Absolutely. MIC Ventures will aim to take equity or quasi equity stakes, depending on the structure of the transaction. We will in many ways have approaches in terms of investment criteria and investment policies that meet basic global standards and are similar to the criteria used by funds established under BDL Circular 331. The only thing that will differ is that our target market will be slightly different from others. Having said that, we see MIC Ventures as being complementary to Circular 331 funds, not as a competitor.

E   Will it be a strategy or policy of MIC Ventures to be a majority shareholder when investing in a company?

Our standard policy is not to have majority but to have reserved matters that protect MIC Ventures.

E   Will you seek international VCs to co-invest with you in Lebanon?

Yes, we will.

E   You also mentioned financial institutions. Do you see banks as your potential co-investors?

We see banks as potential co-investors on investments that are relevant to their businesses. For instance, if we have a specific investment in the Fintech space, it might be interesting for banks to come in as co-investors when MIC Ventures have a certain capacity and where they can fill the rest [of the investment need].

E   As for the size of investments that you are interested in doing, what are the parameters? Would you go as small as investing in a fresh startup or look at entrepreneurs that have just completed an acceleration round?

We are willing to go as low as $100,000 and we have a cap of $2 million unless the board decides otherwise.

E   But might there be limits from the perspective of the amount of work that is required for assessing a small opportunity, the due diligence and all?

We do not want to discard smaller investments if we see merit in them.

E   Can you elaborate more on the structure of the board and the venture and process under which MIC Ventures will proceed?

First, there is the management team which will source opportunities [and] present them to the investment committee—which we expect will convene every two to three months—and the final approval will be done by the board.

E   What is the structure of the board and investment committee?

With regards to the board, there is one independent member and the other members are equally split between the MICs. As for the investment committee, they are individuals who have a deep understanding in the ecosystem.

E   Is there already a strategy for exits from portfolio companies?         

The current ecosystem is not conducive to exits through public offering. We think that a trade sale or even an acquisition by MIC 1 or MIC 2 are more realistic exit strategies. We are realistic and that is why we are looking for companies that will survive and thrive without our continuous injection of capital.
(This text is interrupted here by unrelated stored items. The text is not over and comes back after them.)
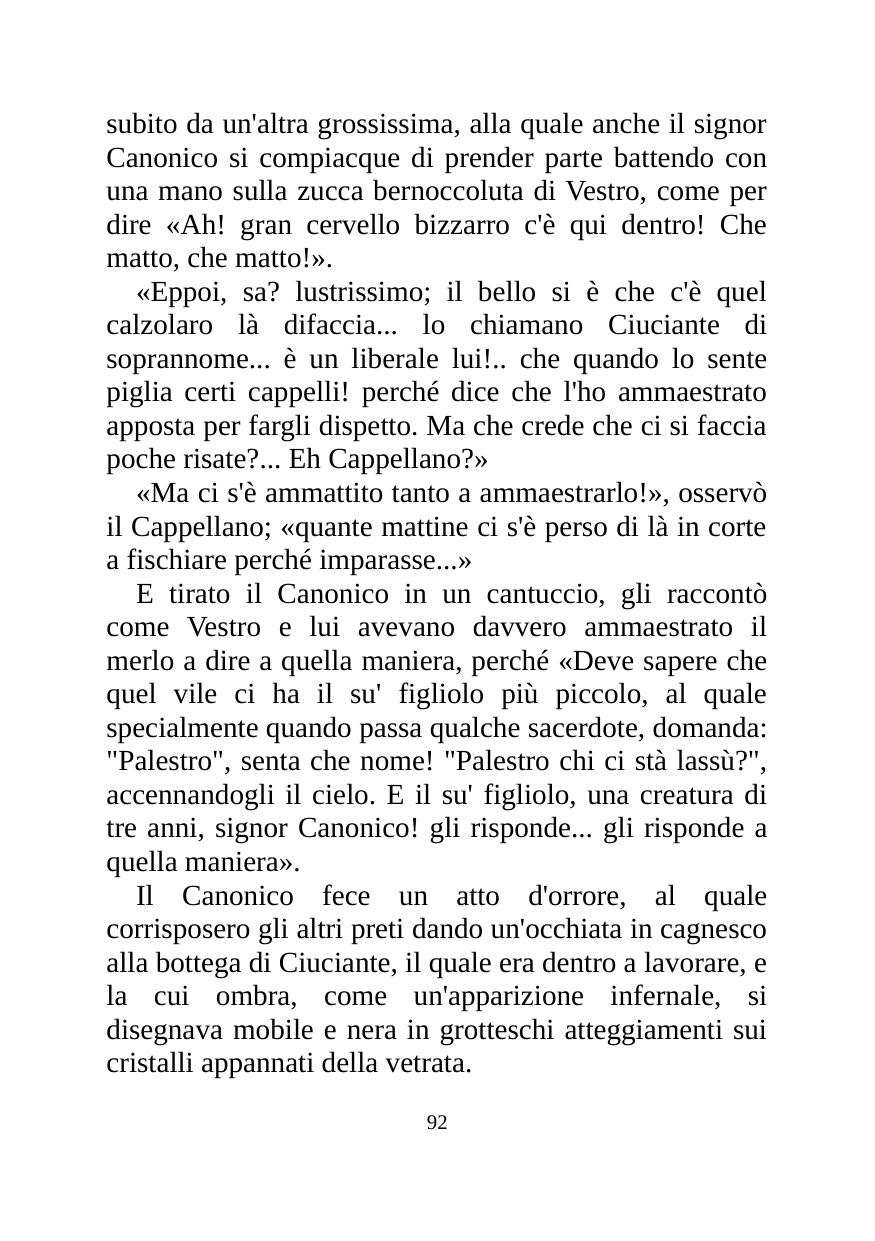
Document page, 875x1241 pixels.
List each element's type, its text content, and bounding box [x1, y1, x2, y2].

text E tirato il Canonico in un cantuccio, gli raccontò come Vestro e lui avevano davvero ammaestrato il merlo a dire a quella maniera, perché «Deve sapere che quel vile ci ha il su' figliolo più piccolo, al quale specialmente quando passa qualche sacerdote, domanda: "Palestro", senta che nome! "Palestro chi ci stà lassù?", accennandogli il cielo. E il su' figliolo, una creatura di tre anni, signor Canonico! gli risponde... gli risponde a quella maniera». [106, 576, 768, 878]
text Il Canonico fece un atto d'orrore, al quale corrisposero gli altri preti dando un'occhiata in cagnesco alla bottega di Ciuciante, il quale era dentro a lavorare, e la cui ombra, come un'apparizione infernale, si disegnava mobile e nera in grotteschi atteggiamenti sui cristalli appannati della vetrata. [106, 878, 768, 1079]
text subito da un'altra grossissima, alla quale anche il signor Canonico si compiacque di prender parte battendo con una mano sulla zucca bernoccoluta di Vestro, come per dire «Ah! gran cervello bizzarro c'è qui dentro! Che matto, che matto!». [106, 106, 768, 274]
text «Eppoi, sa? lustrissimo; il bello si è che c'è quel calzolaro là difaccia... lo chiamano Ciuciante di soprannome... è un liberale lui!.. che quando lo sente piglia certi cappelli! perché dice che l'ho ammaestrato apposta per fargli dispetto. Ma che crede che ci si faccia poche risate?... Eh Cappellano?» [106, 274, 768, 475]
text «Ma ci s'è ammattito tanto a ammaestrarlo!», osservò il Cappellano; «quante mattine ci s'è perso di là in corte a fischiare perché imparasse...» [106, 475, 768, 576]

E   How many board members and how many investment committee members do you have?

The board right now is composed of five individuals but will be expanded to seven. In terms of the investment committee, right now we have seven individuals.

E   What will be the frequency of the investment committee meetings?

In the beginning we will have them every two months and then probably every three to four months later on.

E   As to governance on the board level, do you adhere to standards for private enterprise?

It is a private entity and transparency standards will be applied on all transactions. We will have a website listing our portfolio companies.